I got a preview file (mobi file from KDP) of one of my books, so that I could give out advance copies to people, and it won't open up in the Kindle app on any phone. Is there a way to fix this problem? I tried dropping the file into the Kindle folder of my phone, but it didn't show up. Any help would be appreciated! Thanks!


----------



## cinisajoy (Mar 10, 2013)

Sent you a pm.


----------



## Ann in Arlington (Oct 27, 2008)

Otsana said:


> I got a preview file (mobi file from KDP) of one of my books, so that I could give out advance copies to people, and it won't open up in the Kindle app on any phone. Is there a way to fix this problem? I tried dropping the file into the Kindle folder of my phone, but it didn't show up. Any help would be appreciated! Thanks!


Not sure how the file structure of the phone works, but the 'kindle' folder is probably not the right place for the app to find it. There might be a documents folder or something like that.

Or, it might be copy protected . . . if that's the case you'd have to strip the DRM to get it to open. If the file is not xxxx.mobi but xxxx.azw or something like that, that might be your problem. 

If it is a generic .mobi file, the easiest thing is to use "Send to Kindle" to send it to your account. It will show up as a document in my content and devices and from there you can download it to any registered device.

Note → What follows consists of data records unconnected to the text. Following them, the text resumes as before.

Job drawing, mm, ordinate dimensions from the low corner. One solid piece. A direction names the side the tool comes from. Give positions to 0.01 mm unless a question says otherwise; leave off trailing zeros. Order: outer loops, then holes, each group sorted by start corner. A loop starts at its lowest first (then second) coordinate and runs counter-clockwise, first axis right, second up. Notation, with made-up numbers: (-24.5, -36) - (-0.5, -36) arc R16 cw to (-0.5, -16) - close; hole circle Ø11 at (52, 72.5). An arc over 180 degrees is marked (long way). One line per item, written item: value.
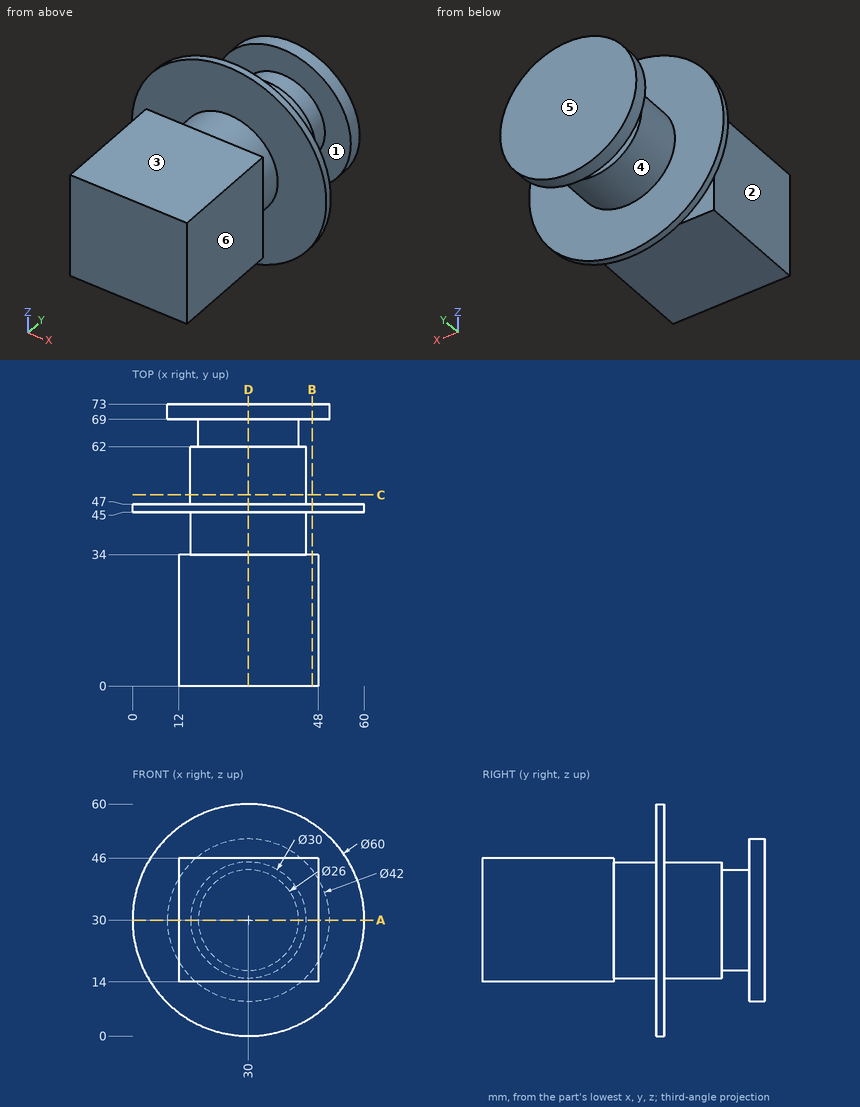
1) Slice it at C-C on y = 49.5. Write the cut outline in (x, z).
Answer:
outline: circle Ø30 at (30, 30)
2) Drop flat-ended pins along their axis: P1, Ø10, axis at x = 25, y = 18.5, coming from the +Z side; P2, Ø10, axis at x = 52.5, y = 49.5, coming from the +Z side; P3, Ø4, axis at x = 13, z = 6.5, coming from the -Y side. Give the stop position or say it passes through.
Answer:
P1: stops at z = 46
P2: stops at z = 53.87
P3: stops at y = 45
3) Slice it at A-A on z = 30. Write the cut outline in (x, y).
Answer:
outline: (0, 45) - (15, 45) - (15, 34) - (12, 34) - (12, 0) - (48, 0) - (48, 34) - (45, 34) - (45, 45) - (60, 45) - (60, 47) - (45, 47) - (45, 62) - (43, 62) - (43, 69) - (51, 69) - (51, 73) - (9, 73) - (9, 69) - (17, 69) - (17, 62) - (15, 62) - (15, 47) - (0, 47) - close
4) Two-plate mould, pull along Y, no slides. Class the marked faces 4, 5 and 6: pulls with the +Y half, pulls with the -Y half, needs draft (parallel to the pull), parting line crosses it, or undercut.
Answer:
face 4: undercut
face 5: pulls with the +Y half
face 6: needs draft
5) Slice it at D-D on x = 30. Write the cut outline in (y, z).
Answer:
outline: (0, 14) - (34, 14) - (34, 15) - (45, 15) - (45, 0) - (47, 0) - (47, 15) - (62, 15) - (62, 17) - (69, 17) - (69, 9) - (73, 9) - (73, 51) - (69, 51) - (69, 43) - (62, 43) - (62, 45) - (47, 45) - (47, 60) - (45, 60) - (45, 45) - (34, 45) - (34, 46) - (0, 46) - close
6) Which spindle directions (+Z, -Z, +X, -X, +Y, -Y) get a long thin tool onto all of the face, cutting with end or side? Do the marked faces 1, 2 and 3. Say none if no direction does.
Answer:
face 1: none
face 2: +Z, -Z, -X, -Y
face 3: +Z, +X, -X, -Y
7) Slice it at B-B on x = 46.5. Write the cut outline in (y, z), then the cut area to 3 significant figures.
Answer:
outline: (0, 14) - (34, 14) - (34, 46) - (0, 46) - close; (45, 4.95) - (47, 4.95) - (47, 55.05) - (45, 55.05) - close; (69, 17.01) - (73, 17.01) - (73, 42.99) - (69, 42.99) - close
area: 1,290 mm2
8) Wall check: line 1 along Y through (x, z) = (35, 47.5); line 2 along Z through (x, y) = (25, 9); line 3 along X through (y, z) = (25.5, 20). Give the ranges that are in metal, low to high. Write a range as [from, to].
Answer:
line 1: y = [45, 47], [69, 73]
line 2: z = [14, 46]
line 3: x = [12, 48]

You can download "Send to Kindle" to your computer here and once you set it up on your computer it works great to send things directly to your device.


----------



## cinisajoy (Mar 10, 2013)

It worked on my phone with the moon+reader app.


----------



## Eltanin Publishing (Mar 24, 2011)

What kind of phone? I have a Windows phone and I've yet to find a way to sideload an ebook and have it show up in the kindle app. I can get it to show up in other reading apps, but you probably want to see how it looks in the kindle app. You can mail it to your kindle account as a personal document. I realize you're probably trying to test out the formatting, but I don't think Amazon will re-encode it or anything if you email a mobi file.


----------



## northofdivision (Sep 7, 2010)

I've messed with Calibre settings and gotten some mobi files to work. Might be an option for you. Also, like cinisajoy, I tend to just use the MoonReader app when using tablets or phones. When it comes to mobile non ereader apps, both MoonReader and Aldiko are heads above (features/breath/depth/configurations/flexibility) the Kindle app in my opinion.


----------



## Eltanin Publishing (Mar 24, 2011)

northofdivision said:


> MoonReader and Aldiko are heads above (features/breath/depth/configurations/flexibility) the Kindle app in my opinion.


But if the person has created their own ebooks and is trying to check how they'll look on different Kindle apps/devices, they want to see it in the kindle app.


----------



## Ann in Arlington (Oct 27, 2008)

Eltanin Publishing said:


> But if the person has created their own ebooks and is trying to check how they'll look on different Kindle apps/devices, they want to see it in the kindle app.


If they start with a prc or mobi file and send it using Send to Kindle from their computer, it will be stored in their cloud. Then it is available to any device or kindle app they have registered to the account.


----------



## northofdivision (Sep 7, 2010)

Eltanin Publishing said:


> But if the person has created their own ebooks and is trying to check how they'll look on different Kindle apps/devices, they want to see it in the kindle app.


Great point.


----------